Will Keir Starmer’s mini-reshuffle of ministers and key aides solve the Prime Minister’s problems? The Prime Minister has moved Darren Jones from the Treasury to the Cabinet Office in a change widely interpreted as an attempt to sideline Rachel Reeves and boost the government’s ability to deliver on its reforms. Jones was Chief Secretary to the Treasury, but his new Chief Secretary role is designed to ‘drive forward progress in key policy areas’.
It is a response to Starmer’s growing frustration that the Whitehall machine isn’t moving fast enough to deliver his reforms. Over the summer there have been more briefings against the new Cabinet Secretary Chris Wormald for being insufficiently radical and proactive, and Downing Street spent the tail end of last week trying to hose down a row caused by the valedictory briefing that Starmer’s principal private secretary Nin Pandit was being moved from her role because she was ‘ineffective’. There are new faces in the communications and policy teams in Downing Street too.
The trouble with all this churn is that it suggests that the machine around Starmer is the problem, and that only if it worked better, he could be radical, decisive and urgent.

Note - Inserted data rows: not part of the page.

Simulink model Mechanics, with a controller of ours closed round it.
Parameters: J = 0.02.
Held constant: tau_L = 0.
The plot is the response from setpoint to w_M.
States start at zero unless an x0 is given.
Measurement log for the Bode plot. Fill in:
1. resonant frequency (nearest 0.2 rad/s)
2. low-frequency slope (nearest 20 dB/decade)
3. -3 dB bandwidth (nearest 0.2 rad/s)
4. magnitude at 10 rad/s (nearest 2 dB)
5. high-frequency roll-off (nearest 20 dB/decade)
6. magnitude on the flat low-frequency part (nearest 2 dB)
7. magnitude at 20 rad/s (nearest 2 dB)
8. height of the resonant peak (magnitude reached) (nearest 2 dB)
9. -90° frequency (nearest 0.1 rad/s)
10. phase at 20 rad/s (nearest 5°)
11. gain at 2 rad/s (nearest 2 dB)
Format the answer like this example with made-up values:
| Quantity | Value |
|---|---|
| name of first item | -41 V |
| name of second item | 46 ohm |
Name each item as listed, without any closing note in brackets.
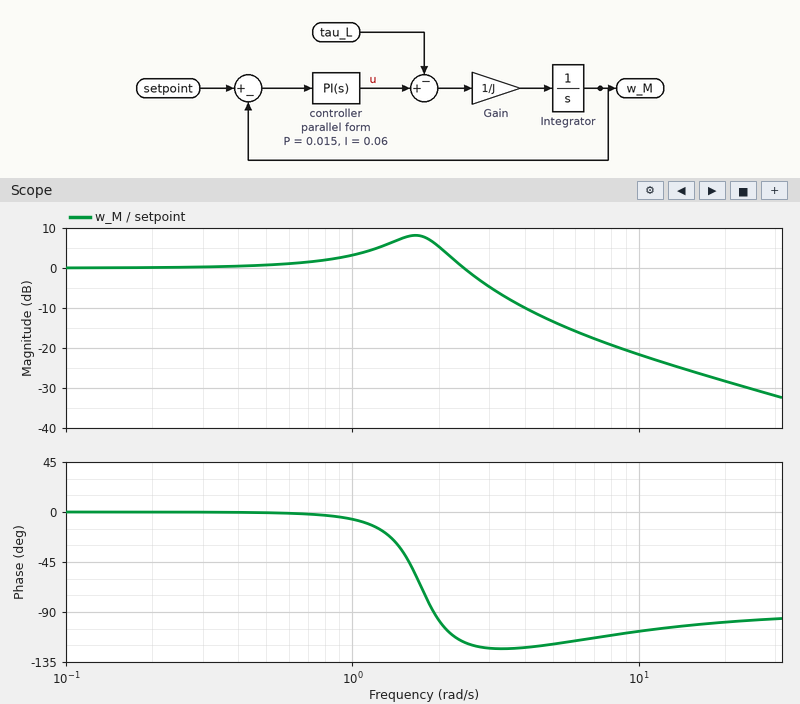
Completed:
| Quantity | Value |
|---|---|
| resonant frequency | 1.6 rad/s |
| low-frequency slope | 0 dB/decade |
| -3 dB bandwidth | 2.8 rad/s |
| magnitude at 10 rad/s | -22 dB |
| high-frequency roll-off | -20 dB/decade |
| magnitude on the flat low-frequency part | 0 dB |
| magnitude at 20 rad/s | -28 dB |
| height of the resonant peak (magnitude reached) | 8 dB |
| -90° frequency | 1.9 rad/s |
| phase at 20 rad/s | -100° |
| gain at 2 rad/s | 6 dB |
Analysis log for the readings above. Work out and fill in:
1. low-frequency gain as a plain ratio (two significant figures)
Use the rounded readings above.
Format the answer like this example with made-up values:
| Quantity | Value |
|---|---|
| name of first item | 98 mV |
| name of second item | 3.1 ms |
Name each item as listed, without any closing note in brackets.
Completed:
| Quantity | Value |
|---|---|
| low-frequency gain as a plain ratio | 1.0 |
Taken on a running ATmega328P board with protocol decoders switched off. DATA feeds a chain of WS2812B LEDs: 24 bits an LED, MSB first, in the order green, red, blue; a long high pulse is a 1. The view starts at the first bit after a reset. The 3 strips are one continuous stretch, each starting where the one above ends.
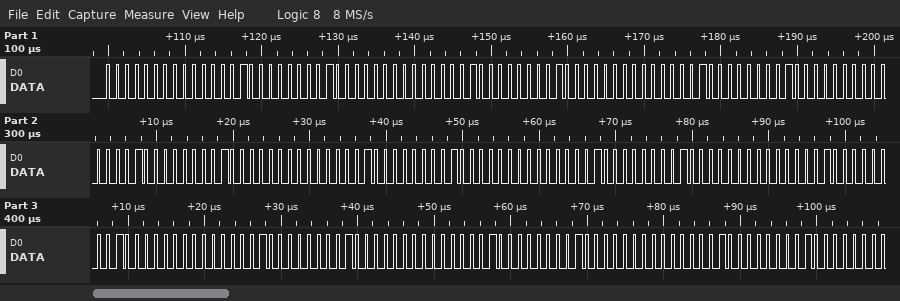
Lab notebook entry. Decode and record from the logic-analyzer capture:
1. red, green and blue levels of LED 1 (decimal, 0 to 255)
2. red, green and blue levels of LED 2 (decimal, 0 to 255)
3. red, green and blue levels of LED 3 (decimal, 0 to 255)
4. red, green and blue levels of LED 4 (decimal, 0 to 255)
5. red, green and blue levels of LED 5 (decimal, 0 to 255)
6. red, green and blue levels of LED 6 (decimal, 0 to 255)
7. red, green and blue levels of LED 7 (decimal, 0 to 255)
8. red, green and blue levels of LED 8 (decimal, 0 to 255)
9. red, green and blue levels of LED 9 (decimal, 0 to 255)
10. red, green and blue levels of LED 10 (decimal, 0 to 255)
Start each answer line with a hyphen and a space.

- 2, 0, 1
- 2, 0, 1
- 2, 0, 1
- 2, 0, 1
- 2, 0, 1
- 2, 0, 1
- 2, 0, 1
- 2, 0, 1
- 2, 0, 1
- 2, 0, 1
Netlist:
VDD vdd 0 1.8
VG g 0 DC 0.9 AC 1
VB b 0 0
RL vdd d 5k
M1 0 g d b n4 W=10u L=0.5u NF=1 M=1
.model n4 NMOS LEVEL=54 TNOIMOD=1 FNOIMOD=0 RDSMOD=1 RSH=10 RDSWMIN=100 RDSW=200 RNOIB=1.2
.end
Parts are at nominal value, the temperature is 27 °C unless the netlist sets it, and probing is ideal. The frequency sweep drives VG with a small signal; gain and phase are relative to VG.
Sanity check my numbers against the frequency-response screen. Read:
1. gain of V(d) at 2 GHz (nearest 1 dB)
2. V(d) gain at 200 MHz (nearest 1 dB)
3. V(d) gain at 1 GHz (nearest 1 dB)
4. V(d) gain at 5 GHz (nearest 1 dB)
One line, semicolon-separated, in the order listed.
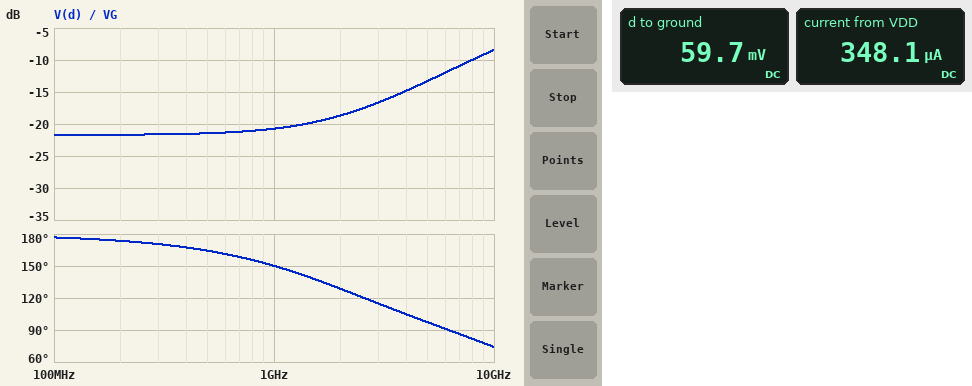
-19 dB; -22 dB; -21 dB; -13 dB
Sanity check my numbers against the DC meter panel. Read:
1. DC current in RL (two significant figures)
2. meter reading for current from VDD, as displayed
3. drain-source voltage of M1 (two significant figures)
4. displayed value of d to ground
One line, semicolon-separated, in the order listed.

350 µA; 348.1 µA; -60 mV; 59.7 mV
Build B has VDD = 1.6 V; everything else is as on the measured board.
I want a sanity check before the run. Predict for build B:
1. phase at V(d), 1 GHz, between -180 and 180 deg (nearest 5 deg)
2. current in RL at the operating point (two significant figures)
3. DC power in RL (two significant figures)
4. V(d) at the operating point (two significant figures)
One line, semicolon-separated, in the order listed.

145 deg; 310 µA; 480 µW; 53 mV
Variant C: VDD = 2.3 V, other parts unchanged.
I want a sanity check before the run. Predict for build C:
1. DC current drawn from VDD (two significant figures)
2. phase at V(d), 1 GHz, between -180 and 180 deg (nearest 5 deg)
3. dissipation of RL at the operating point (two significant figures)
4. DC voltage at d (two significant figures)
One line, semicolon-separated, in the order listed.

440 µA; 155 deg; 990 µW; 78 mV
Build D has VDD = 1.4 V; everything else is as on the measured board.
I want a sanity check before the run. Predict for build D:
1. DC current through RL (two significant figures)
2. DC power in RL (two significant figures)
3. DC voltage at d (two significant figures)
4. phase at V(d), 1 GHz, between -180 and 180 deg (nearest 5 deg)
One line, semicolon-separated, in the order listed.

270 µA; 370 µW; 46 mV; 145 deg
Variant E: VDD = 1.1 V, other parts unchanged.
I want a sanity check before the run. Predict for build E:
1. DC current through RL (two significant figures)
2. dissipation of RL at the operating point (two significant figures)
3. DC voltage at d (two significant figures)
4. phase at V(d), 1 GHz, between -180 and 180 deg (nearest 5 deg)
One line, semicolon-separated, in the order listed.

210 µA; 230 µW; 35 mV; 135 deg
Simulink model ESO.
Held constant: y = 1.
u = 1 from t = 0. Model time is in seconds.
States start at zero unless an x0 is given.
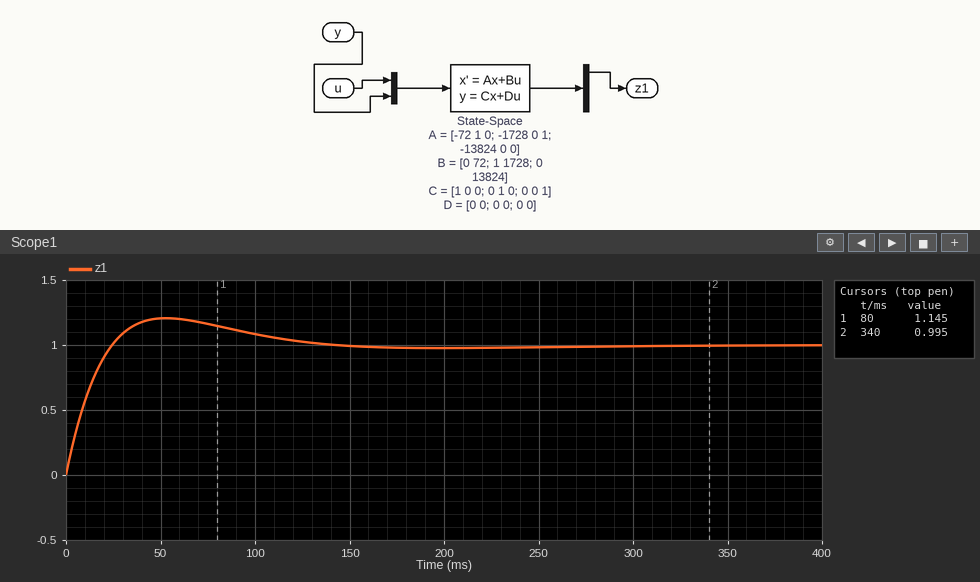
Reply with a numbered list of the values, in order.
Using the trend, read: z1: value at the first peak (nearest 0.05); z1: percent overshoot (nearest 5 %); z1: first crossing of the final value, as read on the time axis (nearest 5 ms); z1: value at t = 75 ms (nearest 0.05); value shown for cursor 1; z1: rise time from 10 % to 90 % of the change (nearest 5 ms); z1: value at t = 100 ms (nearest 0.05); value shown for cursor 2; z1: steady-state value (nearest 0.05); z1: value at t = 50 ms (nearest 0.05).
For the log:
1. 1.20
2. 20 %
3. 25 ms
4. 1.15
5. 1.145
6. 20 ms
7. 1.10
8. 0.995
9. 1.00
10. 1.20
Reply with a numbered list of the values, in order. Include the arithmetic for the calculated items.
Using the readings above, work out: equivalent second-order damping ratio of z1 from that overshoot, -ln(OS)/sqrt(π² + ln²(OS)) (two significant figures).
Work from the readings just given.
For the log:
1. ln(0.2) = -1.609; 1.609 / sqrt(9.870 + 2.590) = 0.46

The evidence does not bear this out.
Did the welfare reforms end up being neutered because Chris Wormald is the ultimate Whitehall insider? Or because there should have been more visionary ministers in the Cabinet Office? No: they failed because Starmer had a vague sense that the welfare system wasn’t working, but little idea of how to fix it, and then allowed the Treasury to announce a load of cuts to the benefits bill which were nothing to do with reform at all.
The Prime Minister then ignored the concerns of the parliamentary Labour party until it was too late and the government was forced into a humiliating climbdown in the middle of the debate on the legislation. Starmer at the time said he hadn’t engaged sufficiently with MPs’ worries because he was so busy with foreign affairs, but he had also adopted an attitude (not unusual among prime ministers of all stripes) that Labour MPs weren’t particularly worth listening to – until he realised he really had to listen to them. This kind of chopping and changing over major policies not only means discontented backbenchers will learn that they can push the government around and stop it from making the changes it wants to, but it also undermines the case for real reform. It is going to be much harder for the rest of this parliament and the next for ministers to do anything meaningful with the welfare system.
Similarly, it wasn’t the machine around him that made Starmer’s mouth utter the phrase ‘island of strangers’ in a speech. And neither was it the arrangement of ministers and aides that led to the Prime Minister spending weeks pondering in different interviews whether he should have said those words at all, thus undermining any sense that he has a clear idea of what he wants to do on immigration. You can have the best or the worst Whitehall machine in the history of governing, and it will make little difference if you as leader don’t have a clear sense of what you want to do. Starmer has been quiet over the summer: perhaps he has reflected on that too, realising that while institutional inertia may be a serious problem in British politics, the machine can’t move if its driver doesn’t know where he wants to go.